WORK TASK:
What you return must be exactly the lines running from the one with "6. highest S11 on screen, to the nearest 1 dB" to the end of the data below, inclusive, and nothing more.

___

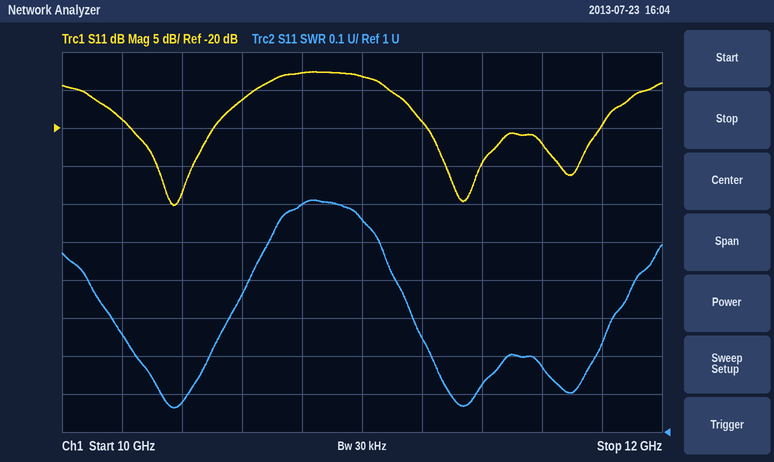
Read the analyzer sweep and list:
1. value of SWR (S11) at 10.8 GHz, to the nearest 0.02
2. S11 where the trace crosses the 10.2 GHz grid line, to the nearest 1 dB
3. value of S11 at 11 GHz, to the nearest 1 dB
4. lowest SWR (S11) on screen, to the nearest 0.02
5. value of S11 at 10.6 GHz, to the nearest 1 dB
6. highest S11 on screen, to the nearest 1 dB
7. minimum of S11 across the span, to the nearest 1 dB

1.60
-19 dB
-13 dB
1.06
-16 dB
-13 dB
-30 dB

___

WRITTEN ANSWER:
6. highest S11 on screen, to the nearest 1 dB
7. minimum of S11 across the span, to the nearest 1 dB

1.60
-19 dB
-13 dB
1.06
-16 dB
-13 dB
-30 dB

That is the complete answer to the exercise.